Institute for Cardiovascular Prevention (IPEK), LMU Munich Hospital, Germany (A.S., A.O.-G., C.W., P. Lemnitzer, J.R.V., C.P., L.P.O., J.W., Y.D., O.S.).
German Center for Cardiovascular Research (DZHK), partner site Munich Heart Alliance (MHA), Munich, Germany (A.S., A.O.-G., S.L.M., L.M., O.S.).
Circulation. 2021 Jan 19;143(3):254-266. doi: 10.1161/CIRCULATIONAHA.120.046677. Epub 2020 Nov 10.
Acute infection is a well-established risk factor of cardiovascular inflammation increasing the risk for a cardiovascular complication within the first weeks after infection. However, the nature of the processes underlying such aggravation remains unclear. Lipopolysaccharide derived from Gram-negative bacteria is a potent activator of circulating immune cells including neutrophils, which foster inflammation through discharge of neutrophil extracellular traps (NETs). Here, we use a model of endotoxinemia to link acute infection and subsequent neutrophil activation with acceleration of vascular inflammation Methods: Acute infection was mimicked by injection of a single dose of lipopolysaccharide into hypercholesterolemic mice. Atherosclerosis burden was studied by histomorphometric analysis of the aortic root. Arterial myeloid cell adhesion was quantified by intravital microscopy.
Lipopolysaccharide treatment rapidly enhanced atherosclerotic lesion size by expansion of the lesional myeloid cell accumulation. Lipopolysaccharide treatment led to the deposition of NETs along the arterial lumen, and inhibition of NET release annulled lesion expansion during endotoxinemia, thus suggesting that NETs regulate myeloid cell recruitment. To study the mechanism of monocyte adhesion to NETs, we used in vitro adhesion assays and biophysical approaches. In these experiments, NET-resident histone H2a attracted monocytes in a receptor-independent, surface charge-dependent fashion. Therapeutic neutralization of histone H2a by antibodies or by in silico designed cyclic peptides enables us to reduce luminal monocyte adhesion and lesion expansion during endotoxinemia.
Our study shows that NET-associated histone H2a mediates charge-dependent monocyte adhesion to NETs and accelerates atherosclerosis during endotoxinemia.

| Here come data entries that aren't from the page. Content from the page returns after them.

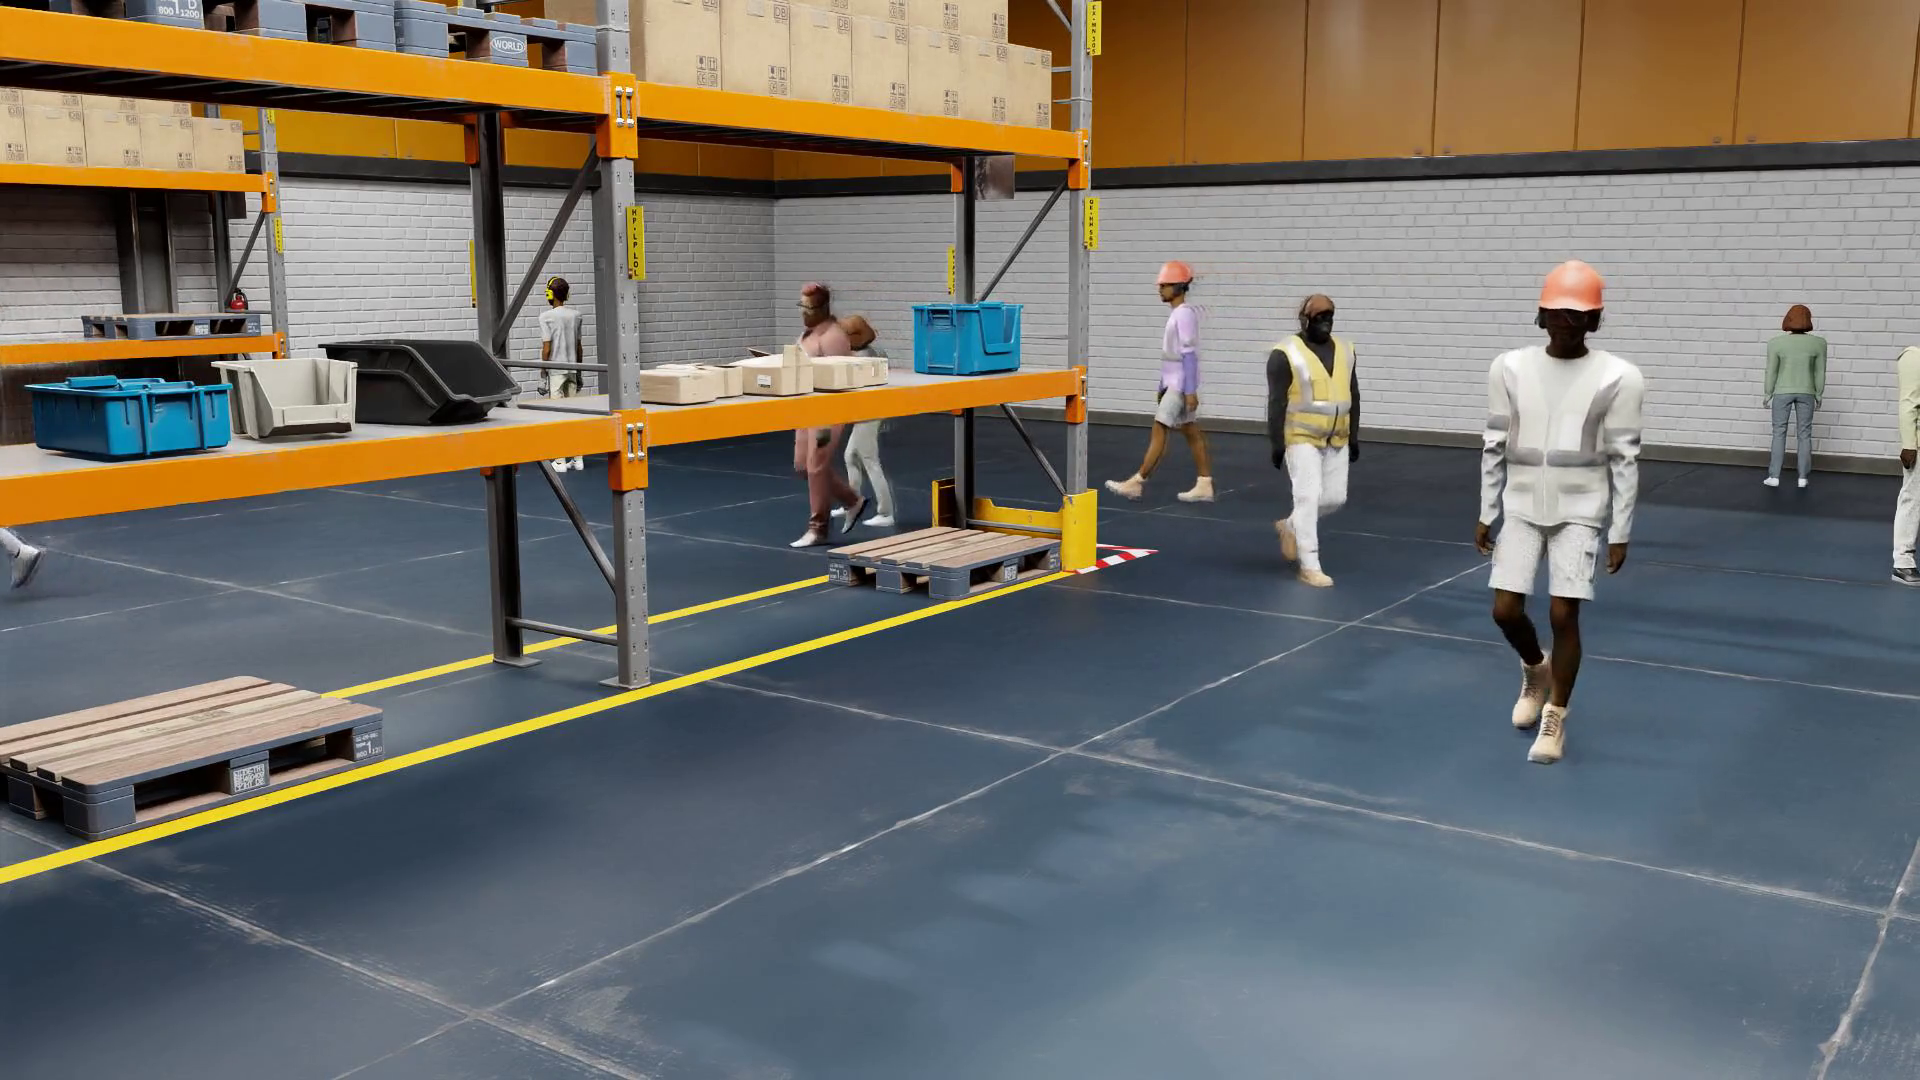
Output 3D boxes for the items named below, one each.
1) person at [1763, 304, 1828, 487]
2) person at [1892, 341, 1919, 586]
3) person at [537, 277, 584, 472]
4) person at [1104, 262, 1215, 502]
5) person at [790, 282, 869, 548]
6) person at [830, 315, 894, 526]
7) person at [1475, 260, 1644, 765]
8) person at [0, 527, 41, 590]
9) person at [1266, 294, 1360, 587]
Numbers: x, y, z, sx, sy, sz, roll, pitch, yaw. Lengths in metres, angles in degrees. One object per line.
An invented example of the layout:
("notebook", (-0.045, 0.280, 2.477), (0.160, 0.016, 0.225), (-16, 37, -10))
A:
("person", (7.467, -1.287, 14.903), (0.500, 1.636, 0.284), (3, 10, 15))
("person", (6.120, -0.631, 10.401), (0.590, 1.837, 0.404), (-4, 10, -21))
("person", (-3.841, -1.584, 15.980), (0.325, 1.871, 0.521), (7, 12, 35))
("person", (1.689, -1.303, 13.895), (1.001, 2.001, 0.642), (1, 10, 4))
("person", (-0.923, -0.875, 11.738), (0.568, 1.881, 0.669), (-5, 11, -26))
("person", (-0.809, -0.898, 12.666), (0.690, 1.606, 0.511), (2, 10, 14))
("person", (2.422, -0.113, 6.757), (0.628, 2.024, 0.491), (6, 11, 34))
("person", (-5.849, -0.533, 9.774), (0.577, 1.855, 0.551), (-2, 10, -14))
("person", (2.207, -0.645, 10.532), (0.638, 1.823, 0.661), (-5, 11, -25))
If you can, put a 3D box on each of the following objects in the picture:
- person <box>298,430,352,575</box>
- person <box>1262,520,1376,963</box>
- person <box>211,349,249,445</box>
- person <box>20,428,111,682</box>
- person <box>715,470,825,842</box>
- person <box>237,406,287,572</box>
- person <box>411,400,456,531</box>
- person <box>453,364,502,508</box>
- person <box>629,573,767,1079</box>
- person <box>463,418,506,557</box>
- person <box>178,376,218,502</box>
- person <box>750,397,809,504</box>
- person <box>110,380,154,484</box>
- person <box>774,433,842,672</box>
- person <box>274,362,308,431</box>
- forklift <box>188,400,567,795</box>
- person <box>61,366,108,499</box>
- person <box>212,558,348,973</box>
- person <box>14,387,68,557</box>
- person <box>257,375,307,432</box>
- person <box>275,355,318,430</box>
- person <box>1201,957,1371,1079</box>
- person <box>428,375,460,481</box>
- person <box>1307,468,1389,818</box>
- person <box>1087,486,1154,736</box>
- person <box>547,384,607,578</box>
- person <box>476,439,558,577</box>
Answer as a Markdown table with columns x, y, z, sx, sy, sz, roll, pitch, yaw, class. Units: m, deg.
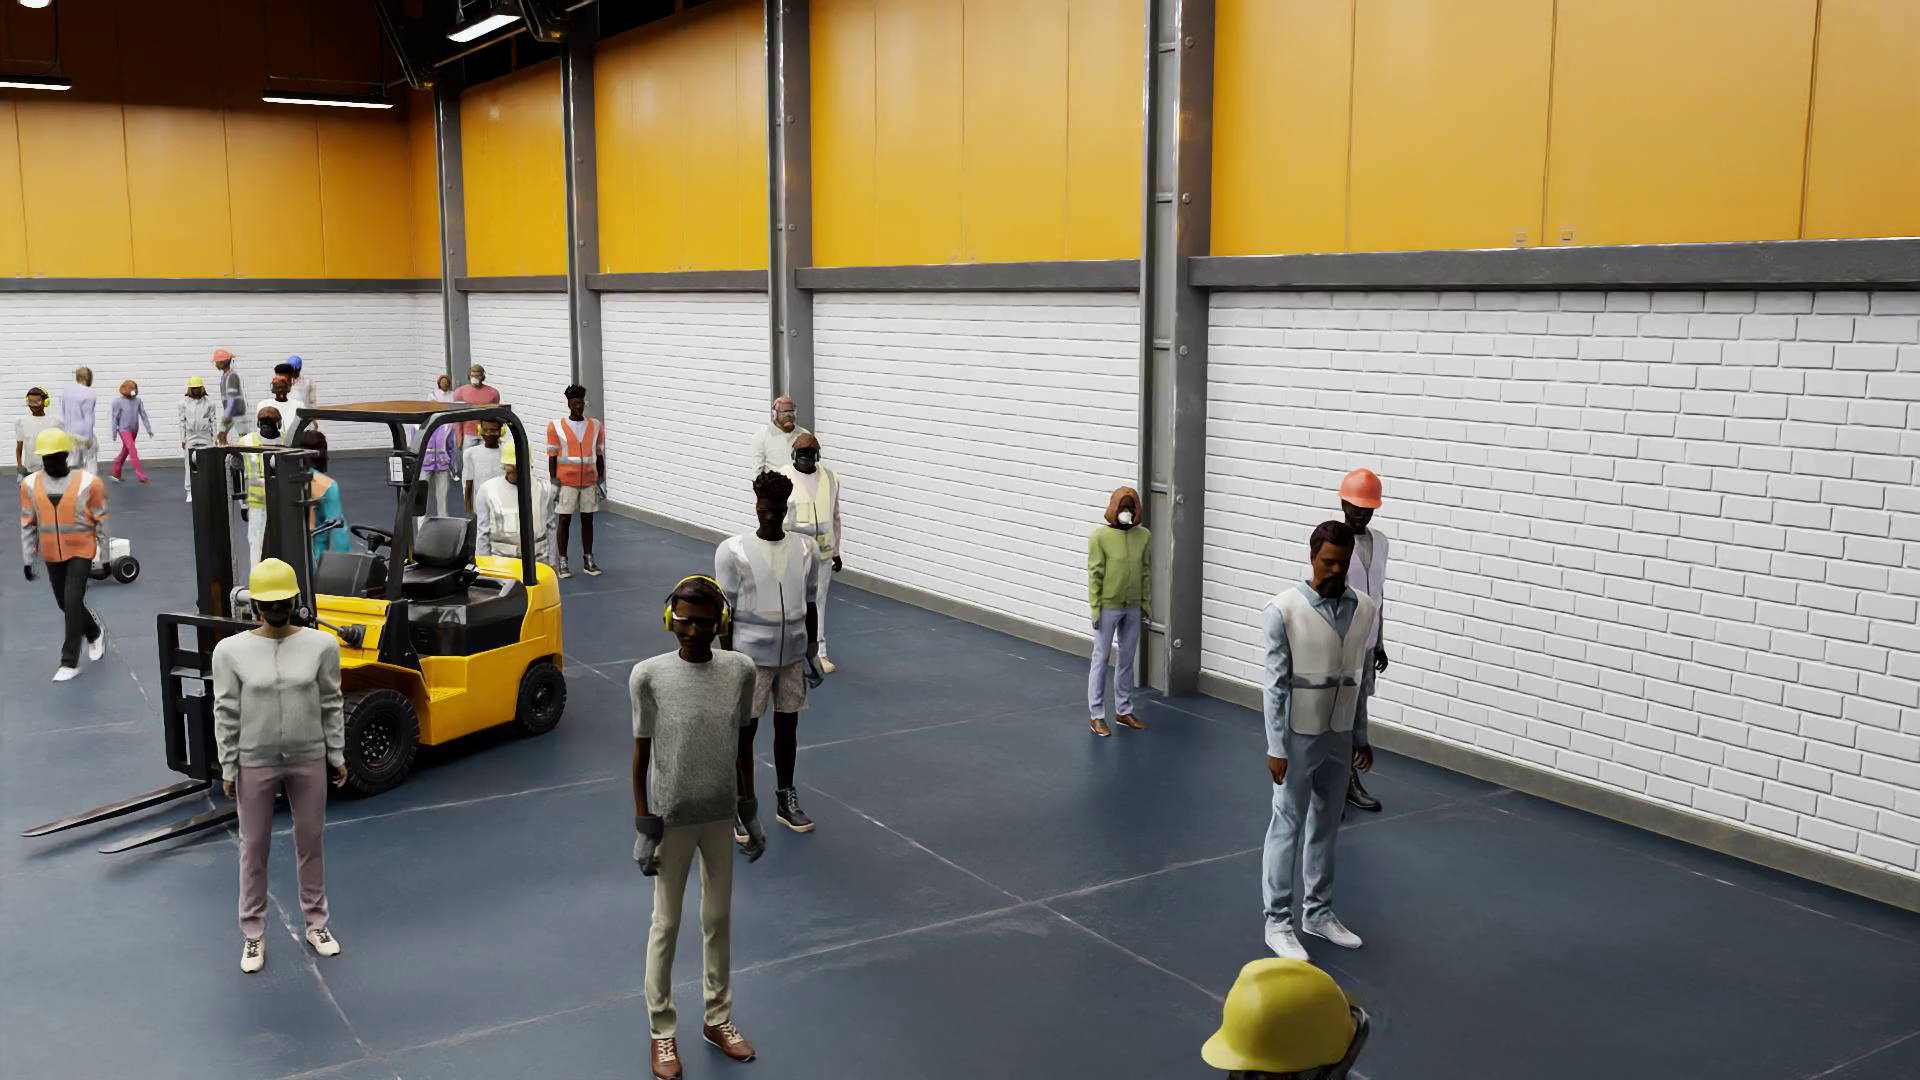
| x | y | z | sx | sy | sz | roll | pitch | yaw | class |
| --- | --- | --- | --- | --- | --- | --- | --- | --- | --- |
| -4.625 | 0.153 | 12.055 | 0.598 | 1.895 | 0.726 | 6 | 10 | 36 | person |
| 1.554 | 0.856 | 7.258 | 0.588 | 1.915 | 0.398 | -5 | 10 | -30 | person |
| -11.524 | -1.990 | 26.135 | 0.907 | 1.995 | 0.633 | -7 | 11 | -41 | person |
| -6.751 | 0.071 | 12.646 | 0.599 | 1.893 | 0.895 | 0 | 8 | -3 | person |
| -1.003 | 0.601 | 8.819 | 0.605 | 1.962 | 0.373 | -5 | 10 | -30 | person |
| -6.414 | -0.334 | 15.540 | 0.622 | 1.840 | 0.430 | -5 | 10 | -30 | person |
| -6.185 | -0.829 | 19.546 | 0.514 | 1.636 | 0.314 | -5 | 10 | -30 | person |
| -6.476 | -1.395 | 22.365 | 0.628 | 1.936 | 0.377 | -5 | 10 | -30 | person |
| -0.963 | 1.044 | 6.169 | 0.521 | 1.864 | 0.334 | -5 | 10 | -30 | person |
| -4.052 | -0.190 | 14.486 | 0.521 | 1.864 | 0.334 | -5 | 10 | -30 | person |
| -10.536 | -1.398 | 23.024 | 0.485 | 1.744 | 0.308 | -5 | 10 | -30 | person |
| -1.656 | -0.404 | 15.777 | 0.640 | 1.910 | 0.401 | -5 | 10 | -30 | person |
| -12.622 | -1.644 | 25.218 | 0.884 | 1.585 | 0.511 | 3 | 9 | 21 | person |
| -1.164 | 0.108 | 12.563 | 0.622 | 1.840 | 0.430 | -5 | 10 | -30 | person |
| -9.102 | -1.440 | 22.636 | 0.411 | 1.950 | 0.608 | -7 | 11 | -38 | person |
| -3.529 | 0.258 | 10.348 | 1.214 | 2.155 | 2.313 | 4 | 9 | 25 | forklift |
| -12.202 | -1.440 | 22.851 | 0.641 | 1.898 | 0.796 | 4 | 9 | 25 | person |
| -2.899 | 0.949 | 7.129 | 0.524 | 1.769 | 0.325 | -5 | 10 | -30 | person |
| -10.052 | -0.746 | 18.234 | 0.521 | 1.864 | 0.334 | -5 | 10 | -30 | person |
| -8.289 | -1.075 | 20.383 | 0.574 | 1.883 | 0.360 | -5 | 10 | -30 | person |
| -10.070 | -1.829 | 25.260 | 0.604 | 1.942 | 0.402 | -5 | 10 | -30 | person |
| 0.602 | 1.576 | 2.988 | 0.692 | 1.733 | 0.591 | 1 | 8 | 6 | person |
| -7.892 | -1.716 | 25.509 | 0.514 | 1.642 | 0.314 | -5 | 10 | -30 | person |
| 2.158 | 0.564 | 9.170 | 0.544 | 1.933 | 0.376 | -5 | 10 | -30 | person |
| 1.051 | 0.455 | 10.904 | 0.499 | 1.632 | 0.285 | -5 | 10 | -30 | person |
| -3.891 | -0.604 | 16.921 | 0.605 | 1.966 | 0.373 | -5 | 10 | -30 | person |
| -3.260 | 0.152 | 12.297 | 0.589 | 1.827 | 0.404 | -5 | 10 | -30 | person |

急性感染是心血管炎症的一个既定危险因素,会增加感染后最初几周内发生心血管并发症的风险。然而,这种加重的潜在过程的性质仍不清楚。革兰氏阴性菌来源的脂多糖是循环免疫细胞(包括中性粒细胞)的有效激活物,通过释放中性粒细胞细胞外陷阱(NETs)促进炎症。在这里,我们使用内毒素血症模型将急性感染和随后的中性粒细胞激活与加速血管炎症联系起来。
通过给高脂血症小鼠单次注射脂多糖来模拟急性感染。通过主动脉根部的组织形态计量学分析来研究动脉粥样硬化负担。通过活体显微镜术来量化动脉髓样细胞黏附。
脂多糖处理通过扩大病变部位的髓样细胞积累,迅速增加了动脉粥样硬化病变的大小。脂多糖处理导致 NETs 在动脉管腔中沉积,并且 NET 释放的抑制作用在内毒素血症期间消除了病变的扩张,因此表明 NETs 调节髓样细胞募集。为了研究单核细胞与 NETs 黏附的机制,我们使用了体外黏附测定和生物物理方法。在这些实验中,NET 驻留组蛋白 H2a 以受体独立、表面电荷依赖的方式吸引单核细胞。通过抗体或通过计算机设计的环状肽对组蛋白 H2a 的治疗性中和使我们能够减少内毒素血症期间管腔中单核细胞的黏附和病变的扩张。
我们的研究表明,与 NET 相关的组蛋白 H2a 介导了电荷依赖性单核细胞与 NETs 的黏附,并在内毒素血症期间加速了动脉粥样硬化。